The problem – A word-for-word restatement of all the records is the required answer.

··· The records

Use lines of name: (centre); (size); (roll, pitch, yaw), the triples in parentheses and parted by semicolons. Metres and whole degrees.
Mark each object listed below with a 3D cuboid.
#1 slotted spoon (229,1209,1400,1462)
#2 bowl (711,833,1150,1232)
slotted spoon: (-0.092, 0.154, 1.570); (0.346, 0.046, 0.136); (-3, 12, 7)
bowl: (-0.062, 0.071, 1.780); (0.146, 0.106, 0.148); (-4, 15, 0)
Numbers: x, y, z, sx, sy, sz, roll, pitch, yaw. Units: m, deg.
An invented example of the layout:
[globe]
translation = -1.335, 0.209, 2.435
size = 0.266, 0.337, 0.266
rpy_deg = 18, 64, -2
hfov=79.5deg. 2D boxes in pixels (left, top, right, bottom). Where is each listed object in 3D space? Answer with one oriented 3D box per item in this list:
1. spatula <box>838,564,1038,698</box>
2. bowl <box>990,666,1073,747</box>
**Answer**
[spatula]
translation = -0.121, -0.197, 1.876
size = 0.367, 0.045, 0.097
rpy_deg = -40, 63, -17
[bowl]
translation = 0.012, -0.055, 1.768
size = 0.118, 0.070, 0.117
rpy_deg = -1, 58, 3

······

Your solution –
Use lines of name: (centre); (size); (roll, pitch, yaw), the triples in parentheses and parted by semicolons. Metres and whole degrees.
Mark each object listed below with a 3D cuboid.
#1 slotted spoon (229,1209,1400,1462)
#2 bowl (711,833,1150,1232)
slotted spoon: (-0.092, 0.154, 1.570); (0.346, 0.046, 0.136); (-3, 12, 7)
bowl: (-0.062, 0.071, 1.780); (0.146, 0.106, 0.148); (-4, 15, 0)
Numbers: x, y, z, sx, sy, sz, roll, pitch, yaw. Units: m, deg.
An invented example of the layout:
[globe]
translation = -1.335, 0.209, 2.435
size = 0.266, 0.337, 0.266
rpy_deg = 18, 64, -2
hfov=79.5deg. 2D boxes in pixels (left, top, right, bottom). Where is each listed object in 3D space? Answer with one oriented 3D box per item in this list:
1. spatula <box>838,564,1038,698</box>
2. bowl <box>990,666,1073,747</box>
**Answer**
[spatula]
translation = -0.121, -0.197, 1.876
size = 0.367, 0.045, 0.097
rpy_deg = -40, 63, -17
[bowl]
translation = 0.012, -0.055, 1.768
size = 0.118, 0.070, 0.117
rpy_deg = -1, 58, 3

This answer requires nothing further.